### WORK TO COMPLETE:
The expected output is exactly the lines below, starting at the line with "Order: by center depth, near to far." and ending at the line with "3. biscuit at [154, 446, 228, 479]", both included; no other line belongs in it.

### INPUT DATA:
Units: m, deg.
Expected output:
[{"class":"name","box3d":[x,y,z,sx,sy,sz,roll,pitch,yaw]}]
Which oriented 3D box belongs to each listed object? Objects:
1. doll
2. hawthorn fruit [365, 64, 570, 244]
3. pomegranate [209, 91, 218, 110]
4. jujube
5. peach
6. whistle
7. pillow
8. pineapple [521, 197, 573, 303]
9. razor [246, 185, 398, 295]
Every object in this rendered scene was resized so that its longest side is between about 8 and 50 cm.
---
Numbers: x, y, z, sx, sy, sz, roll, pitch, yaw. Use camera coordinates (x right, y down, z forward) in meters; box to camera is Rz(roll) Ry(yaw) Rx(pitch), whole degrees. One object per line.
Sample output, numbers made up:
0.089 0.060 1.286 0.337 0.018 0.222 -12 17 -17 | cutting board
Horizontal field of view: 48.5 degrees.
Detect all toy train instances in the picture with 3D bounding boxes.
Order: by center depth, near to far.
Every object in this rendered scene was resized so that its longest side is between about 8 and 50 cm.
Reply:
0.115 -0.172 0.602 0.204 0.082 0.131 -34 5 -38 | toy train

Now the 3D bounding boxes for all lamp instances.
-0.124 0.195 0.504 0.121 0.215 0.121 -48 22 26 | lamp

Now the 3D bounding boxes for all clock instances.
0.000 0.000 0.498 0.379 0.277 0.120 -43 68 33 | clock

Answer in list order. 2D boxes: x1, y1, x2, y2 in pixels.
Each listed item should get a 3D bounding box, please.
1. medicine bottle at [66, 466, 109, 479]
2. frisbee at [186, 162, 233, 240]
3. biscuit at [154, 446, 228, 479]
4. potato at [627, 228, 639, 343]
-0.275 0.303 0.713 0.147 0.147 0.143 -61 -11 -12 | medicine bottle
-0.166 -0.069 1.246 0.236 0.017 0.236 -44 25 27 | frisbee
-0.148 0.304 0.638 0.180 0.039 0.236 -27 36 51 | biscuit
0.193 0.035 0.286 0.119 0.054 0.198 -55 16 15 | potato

### TASK RESULT:
Order: by center depth, near to far.
Every object in this rendered scene was resized so that its longest side is between about 8 and 50 cm.
Reply:
0.115 -0.172 0.602 0.204 0.082 0.131 -34 5 -38 | toy train

Now the 3D bounding boxes for all lamp instances.
-0.124 0.195 0.504 0.121 0.215 0.121 -48 22 26 | lamp

Now the 3D bounding boxes for all clock instances.
0.000 0.000 0.498 0.379 0.277 0.120 -43 68 33 | clock

Answer in list order. 2D boxes: x1, y1, x2, y2 in pixels.
Each listed item should get a 3D bounding box, please.
1. medicine bottle at [66, 466, 109, 479]
2. frisbee at [186, 162, 233, 240]
3. biscuit at [154, 446, 228, 479]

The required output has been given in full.